We have completed the first part of the analysis with the baseline model. We are now going to implement the Bayesian updating with the April and July data set. Before we do any thing - make sure to save these results to avoid losing this work. We will the data set and use them later to chart the trajectory of risks to see if certain areas have sustained risk across all surveys periods.
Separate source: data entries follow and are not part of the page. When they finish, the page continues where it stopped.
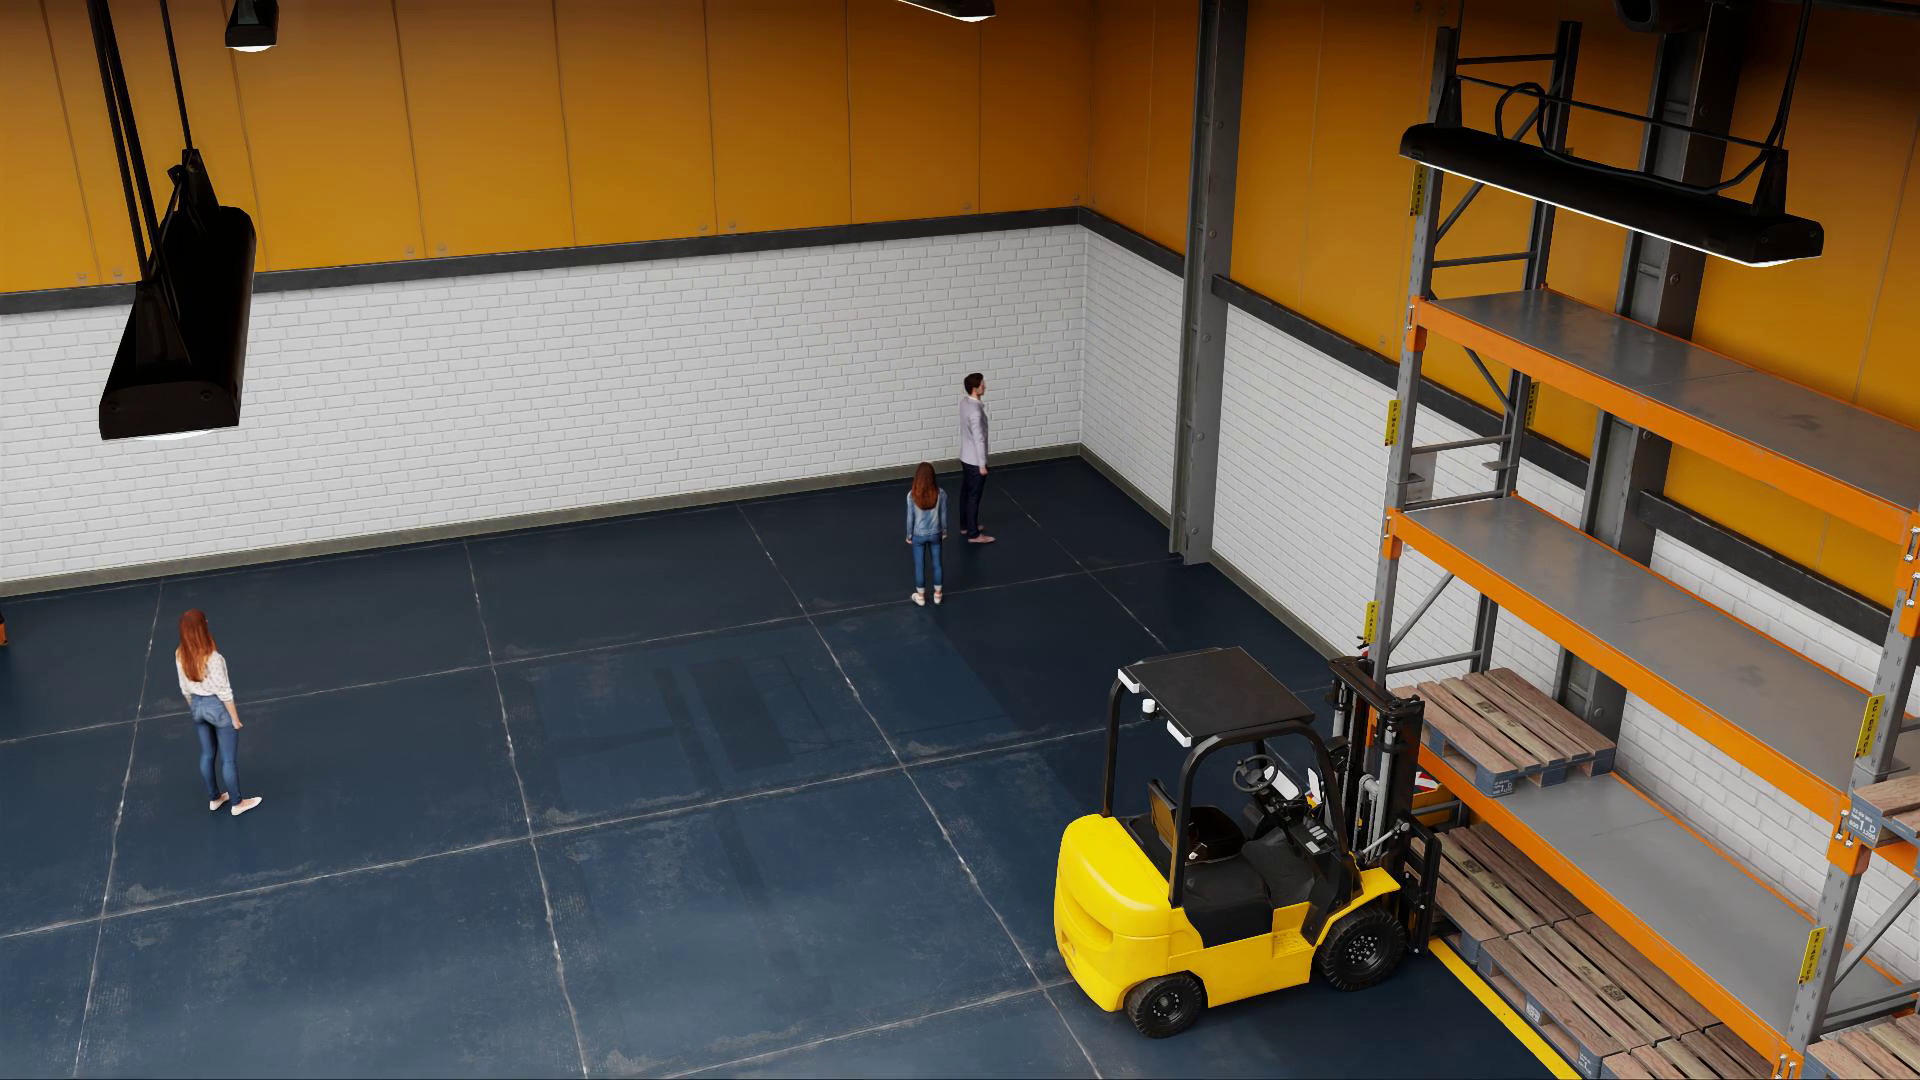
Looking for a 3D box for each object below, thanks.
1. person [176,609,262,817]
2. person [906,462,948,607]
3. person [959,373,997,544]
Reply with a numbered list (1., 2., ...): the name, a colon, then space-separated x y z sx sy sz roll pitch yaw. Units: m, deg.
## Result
1. person: -5.768 1.316 12.817 0.652 1.729 0.694 8 25 18
2. person: -0.326 -0.065 16.290 0.588 1.477 0.539 -5 24 -10
3. person: 0.137 -0.895 17.720 0.748 1.853 0.529 -6 24 -14

# use risk_data_1 later on
risk_data_1 <- st_drop_geometry(spatial.data[,c("osmID", "NeighNum", "Risk_LiraA_2017_1", "Sign_LiraA_2017_1", "LiraA_2017_1")])
# save initial results
write.csv(risk_data_1, file = "Baseline 2017-1.csv", row.names = FALSE)

7.2.6 Apply the Bayesian updating on subsequent data sets

We are going to implement the Bayesian updating on the following data frames: 1.) Lira_2017_2 and Lira_2017_3. Therefore, we will need to create the subsequent data sets for the updating in the same manner as shown in section 7.2.3.2. Let’s start with Lira_2017_2 and create a new list object called stan.dataset.2017_2.

y=Lira2017_2$InfestedNum
x=Lira2017_2[,c(9,10,11,12)]
e=Lira2017_2$Expected

stan.dataset.2017_2=list(N=n, N_edges=n_edges, node1=nod1, node2=nod2, Y=y, X=x, K=length(x), offset=e)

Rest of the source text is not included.